Berlin im Frühjahr 1945. Tag und Nacht sind die Einwohner der bereits völlig zerstörten Stadt den schrecklichen Bombenangriffen der Alliierten ausgesetzt, während die Nazi-Führung in ihrem Bunker weiterhin ihre Durchhalteparolen ausgibt. Alte Männer und Hitlerjungen werden gegen russische Panzer eingesetzt und auch das Haus in der Ackerstraße 37, in dem die Familie Gebhardts wohnen, soll bis zum letzten Atemzug verteidigt werden.

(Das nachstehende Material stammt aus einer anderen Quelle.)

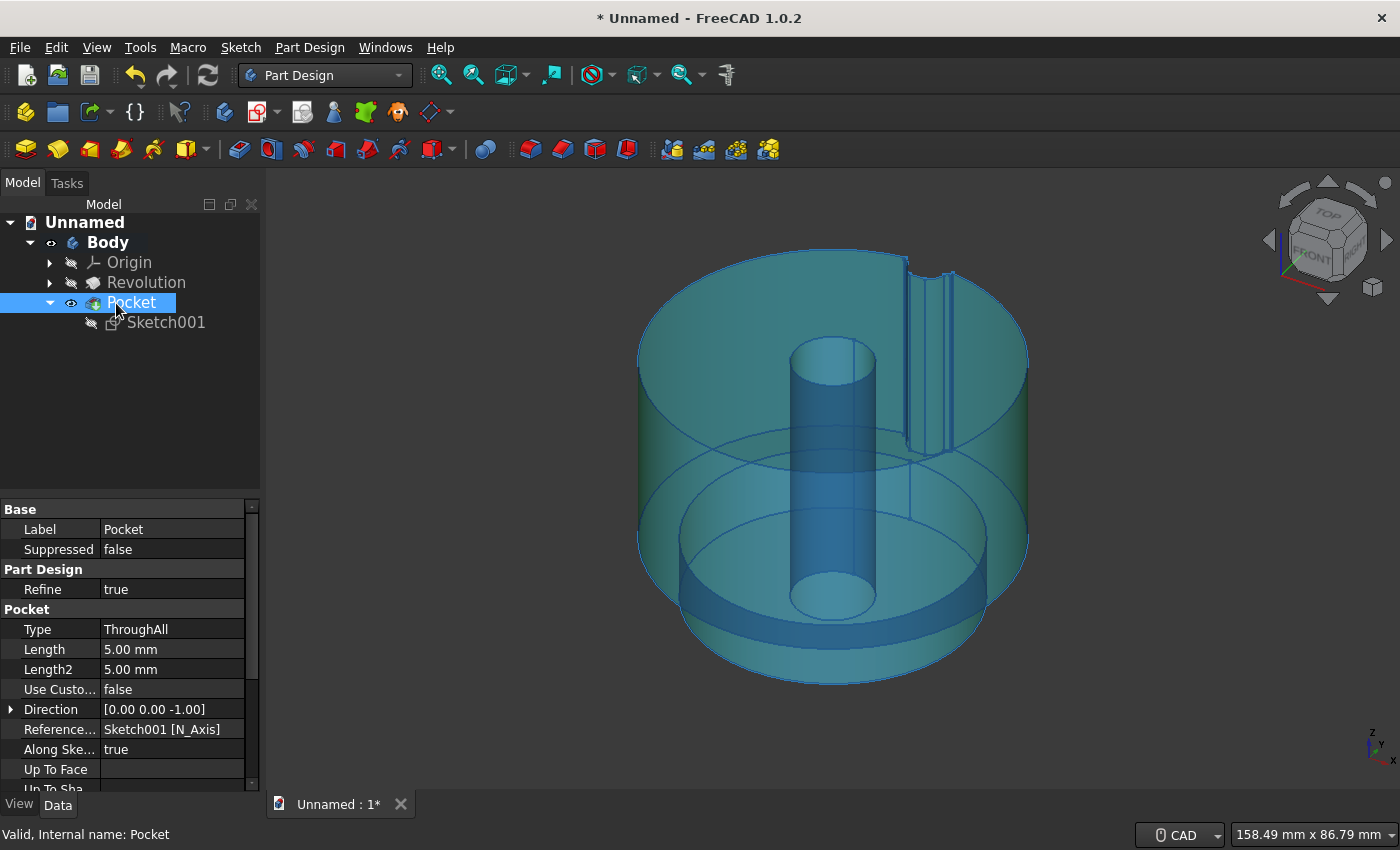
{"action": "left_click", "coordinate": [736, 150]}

Als der Krieg schließlich dem Ende zugeht und die rote Armee die Stadt besetzt, ist es für die zwölfjährige Änne besser, sich von ihrer Großmutter die Zöpfe abschneiden zu lassen und als Junge herumzulaufen. Eines Tages steht dann plötzlich ein Mann vor der Tür, den Änne noch nie gesehen hat und an den sie sich erst gewöhnen muss, ihr Vater, der nach 12 Jahren Haft aus dem KZ Buchenwald nach Hause gekehrt ist.

Mein Fazit:

Auch im dritter Teil seiner Trilogie der Wendepunkte" beschreibt Klaus Kordon wieder am Beispiel der Berliner Arbeiterfamilie Gebhardt die geschichtlichen Zusammenhänge der damaligen Zeit (Bombenkrieg und Besetzung Berlins durch die Rote Armee) und verknüpft diese zu einer fiktiven, aber sehr authentischen und spannend geschriebenen Geschichte.